Under this scenario, the ill-fated 2002 gubernatorial candidacy of Kathleen Kennedy Townsend may start to seem considerably less befuddled.
STATE OF EMERGENCY… Hogan and Lt. Gov. Boyd Rutherford (R) have made fighting opioid addiction a top priority of their administration since they took office. But by formally declaring a state of emergency Wednesday, Hogan wasn’t just making a bold public statement – he was putting official government wheels in motion to address the crisis.
Specifically, the declaration unleashes certain emergency powers that the governor possesses, and allows for greater coordination between the state and local governments. Hogan also announced a supplemental budget allocation of $50 million over five years for prevention, recovery and enforcement programs, and he put his senior emergency management adviser, Clay Stamp, in charge of the effort.

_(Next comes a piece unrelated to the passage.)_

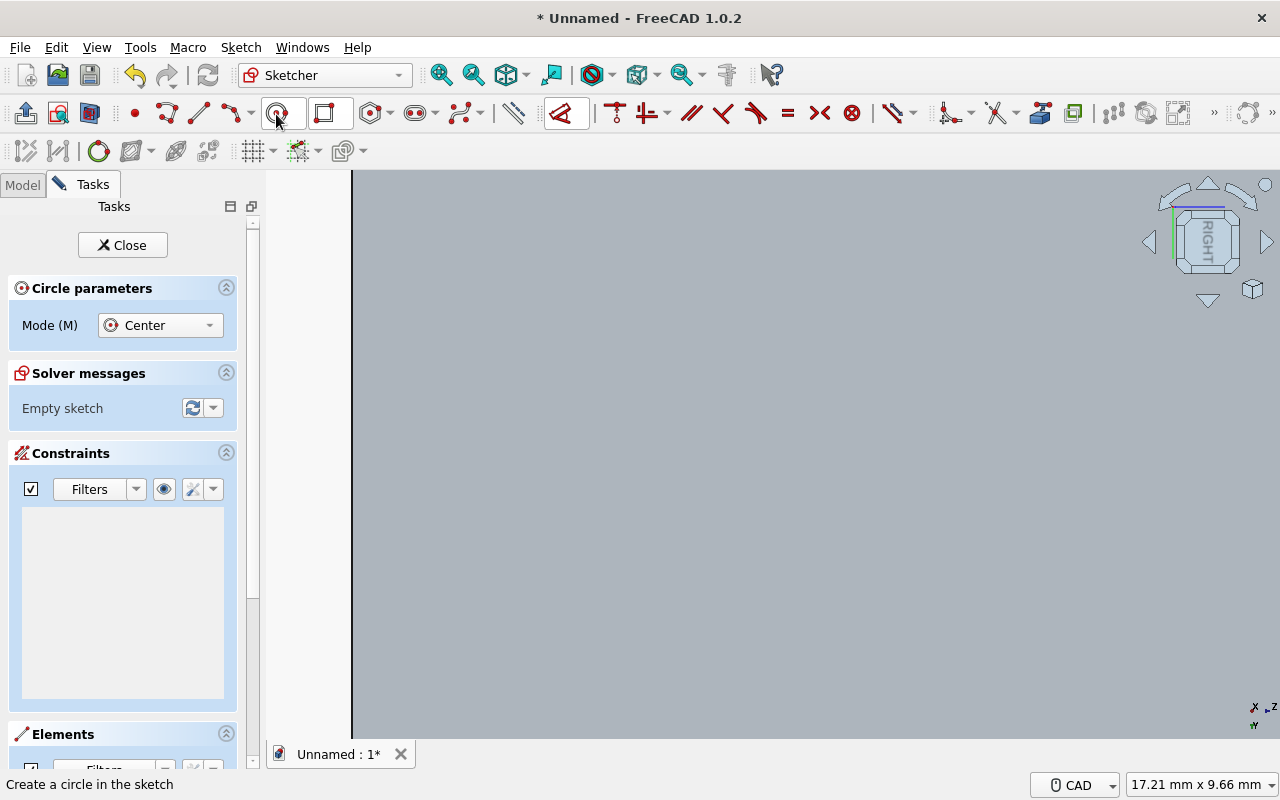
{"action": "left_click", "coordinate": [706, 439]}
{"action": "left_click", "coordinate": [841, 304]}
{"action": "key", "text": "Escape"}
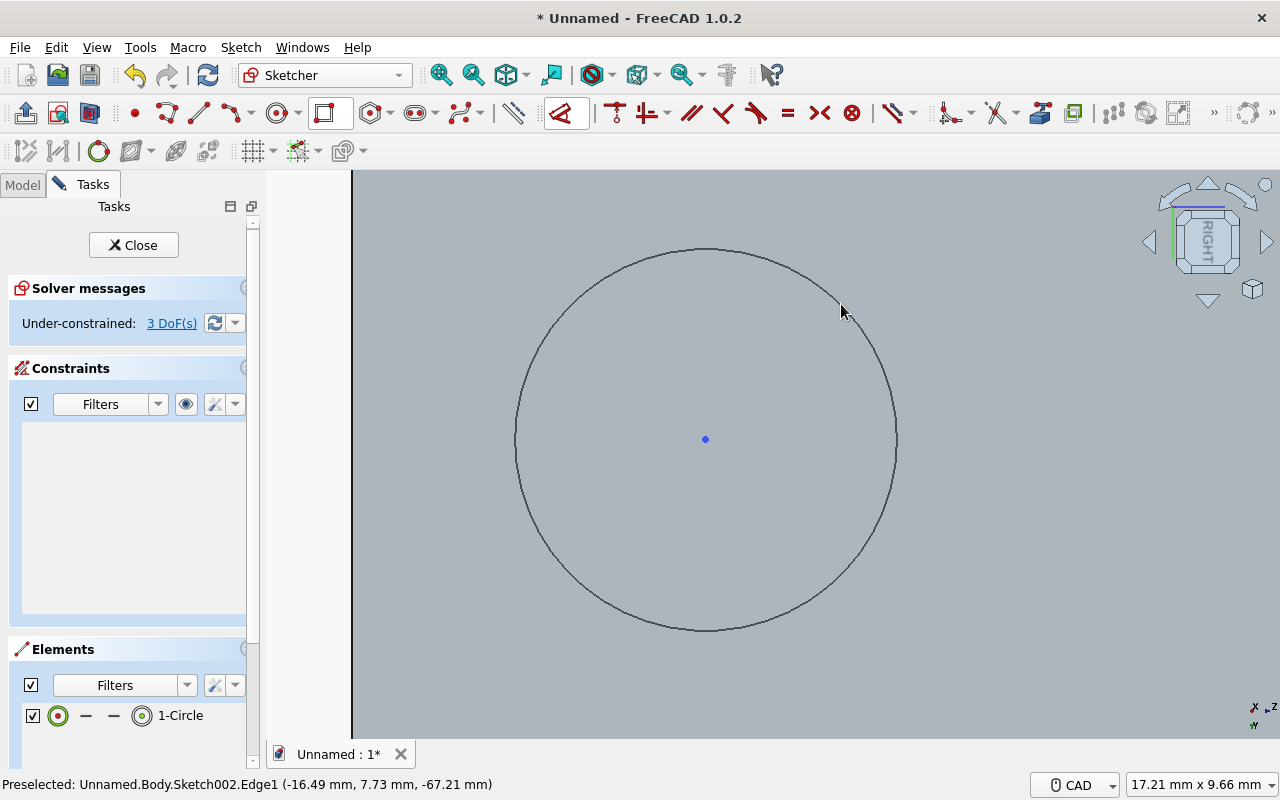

“We need to treat this crisis in the exact same way we would treat any other state emergency,” Hogan said during an announcement at the Maryland Emergency Management Agency’s operations center in Reisterstown.
Fighting the drug epidemic has largely been a bipartisan concern in Maryland in recent years, but Hogan, according to The Daily Record, did find time to attack a lawmaker whose district is near the emergency operations center. The newspaper reported that Hogan, asked about legislation sponsored by Del. Dan Morhaim (D) to provide sites for drug addicts to safely use heroin, called the measure “absolutely insane.”
Hogan then noted that Morhaim, a physician, is under investigation by the Legislative Ethics Committee for his ties to a company that is trying to get a medical marijuana license in the state. “Now he’s trying to legalize heroin,” Hogan said. “I’m not sure if he’s just trying to get another license to sell heroin, but his proposal is idiotic.”
Morhaim, the Record said, demanded an apology.
“I would advise Del. Morhaim not to hold his breath,” Hogan spokesman Douglass Mayer told the paper.
BLESSED ARE THE PEACEMAKERS…In the course of their ongoing bromance, Hogan and Franchot have frequently ganged up on Baltimore County Executive Kevin Kamenetz (D) – particularly over the issue of air conditioning in aging schools. But the trio can sometimes agree.
Proponents of a bill to disqualify certain individuals who engage in a financial boycott of Israel from bidding for state government procurement contracts consider Hogan, Franchot and Kamenetz among their strongest supporters.
“We’re obviously pleased to have the valuable support of all three of them, as well as so many co-sponsors,” said Howard Libit, executive director of the Baltimore Jewish Council. “It’s bipartisan legislation that’s bringing people together.”
The proponents of the legislation were out in force in Annapolis Wednesday to testify for the Senate version of the bill, sponsored by Sen. Bobby Zirkin (D), in the Budget and Taxation Committee. A House version of the legislation, whose lead sponsor is Del. Ben Kramer (D), was heard in the Health and Government Operations Committee in mid-February.
If Hogan, Franchot and Kamenetz can agree on this bill, does that serve as a template for peace in the Middle East?